Help on function formula_to_str in module seq_to_first_iso.seq_to_first_iso:

formula_to_str(composition)
    Return formula from Composition as a string.
    
    Parameters
    ----------
    composition : pyteomics.mass.Composition
        Chemical formula.
    
    Returns
    -------
    str
        Human-readable string of the formula.
    
    --------
    If the composition has elements not in USED_ELEMS, they will not
    be added to the output.



In [89]:
# This is the function used to get the formulas in the output.
formula_str = stfi.formula_to_str(total_composition)
print(f"{total_composition} becomes {formula_str}")
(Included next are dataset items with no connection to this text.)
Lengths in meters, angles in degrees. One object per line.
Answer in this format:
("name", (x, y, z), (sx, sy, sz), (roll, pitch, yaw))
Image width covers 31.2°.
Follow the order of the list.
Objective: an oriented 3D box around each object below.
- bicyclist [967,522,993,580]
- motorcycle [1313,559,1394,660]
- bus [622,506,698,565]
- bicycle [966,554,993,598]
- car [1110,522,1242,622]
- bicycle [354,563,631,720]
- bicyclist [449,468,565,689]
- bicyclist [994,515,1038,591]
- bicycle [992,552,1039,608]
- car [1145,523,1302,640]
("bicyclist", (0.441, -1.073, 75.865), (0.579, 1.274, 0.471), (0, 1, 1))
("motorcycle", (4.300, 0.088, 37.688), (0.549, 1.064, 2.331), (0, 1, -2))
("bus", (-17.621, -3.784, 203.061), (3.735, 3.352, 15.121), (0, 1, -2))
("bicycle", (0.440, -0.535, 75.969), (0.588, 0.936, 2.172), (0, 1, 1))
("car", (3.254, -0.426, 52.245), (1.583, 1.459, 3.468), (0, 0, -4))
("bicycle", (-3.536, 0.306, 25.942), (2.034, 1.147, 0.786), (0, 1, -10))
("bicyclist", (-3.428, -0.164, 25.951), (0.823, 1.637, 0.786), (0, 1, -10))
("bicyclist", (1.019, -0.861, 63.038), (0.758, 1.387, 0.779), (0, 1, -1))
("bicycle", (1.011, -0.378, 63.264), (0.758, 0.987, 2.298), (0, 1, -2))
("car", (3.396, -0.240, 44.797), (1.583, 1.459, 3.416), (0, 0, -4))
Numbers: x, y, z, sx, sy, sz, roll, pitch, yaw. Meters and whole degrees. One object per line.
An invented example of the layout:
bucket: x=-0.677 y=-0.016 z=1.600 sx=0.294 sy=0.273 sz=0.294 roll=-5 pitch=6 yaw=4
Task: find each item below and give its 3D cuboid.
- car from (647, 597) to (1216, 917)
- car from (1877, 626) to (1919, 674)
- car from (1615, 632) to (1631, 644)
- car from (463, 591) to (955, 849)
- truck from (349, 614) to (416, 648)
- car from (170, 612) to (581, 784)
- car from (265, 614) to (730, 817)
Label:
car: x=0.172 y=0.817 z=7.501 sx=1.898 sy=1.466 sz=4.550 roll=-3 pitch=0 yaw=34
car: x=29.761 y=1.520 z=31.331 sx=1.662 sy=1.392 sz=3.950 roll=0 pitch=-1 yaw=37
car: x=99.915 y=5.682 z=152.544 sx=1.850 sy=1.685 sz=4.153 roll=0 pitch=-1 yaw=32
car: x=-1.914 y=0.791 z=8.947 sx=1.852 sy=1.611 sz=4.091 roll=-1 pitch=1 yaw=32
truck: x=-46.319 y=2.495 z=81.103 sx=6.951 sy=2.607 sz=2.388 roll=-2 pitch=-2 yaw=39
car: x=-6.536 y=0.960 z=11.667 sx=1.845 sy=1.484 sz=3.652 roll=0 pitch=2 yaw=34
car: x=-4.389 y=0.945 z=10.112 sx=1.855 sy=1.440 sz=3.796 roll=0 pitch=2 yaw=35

Composition({'H': 3, 'C': 2, 'O': 4, 'P': 1}) becomes C2H3O4P1


In [91]:
# !!! Warning: if the Composition has elements not in "CHONPSX", they will not be in the final string.
bad_composition = mass.Composition("U")
formula_str = stfi.formula_to_str(bad_composition)
print(f"{bad_composition} becomes {formula_str}")

Composition({'H': 7, 'C': 3, 'O': 2, 'N': 1, 'Se': 1}) becomes C3H7O2N1


Here, "non-CHONPSX" element **Se (Selenium) is ignored**.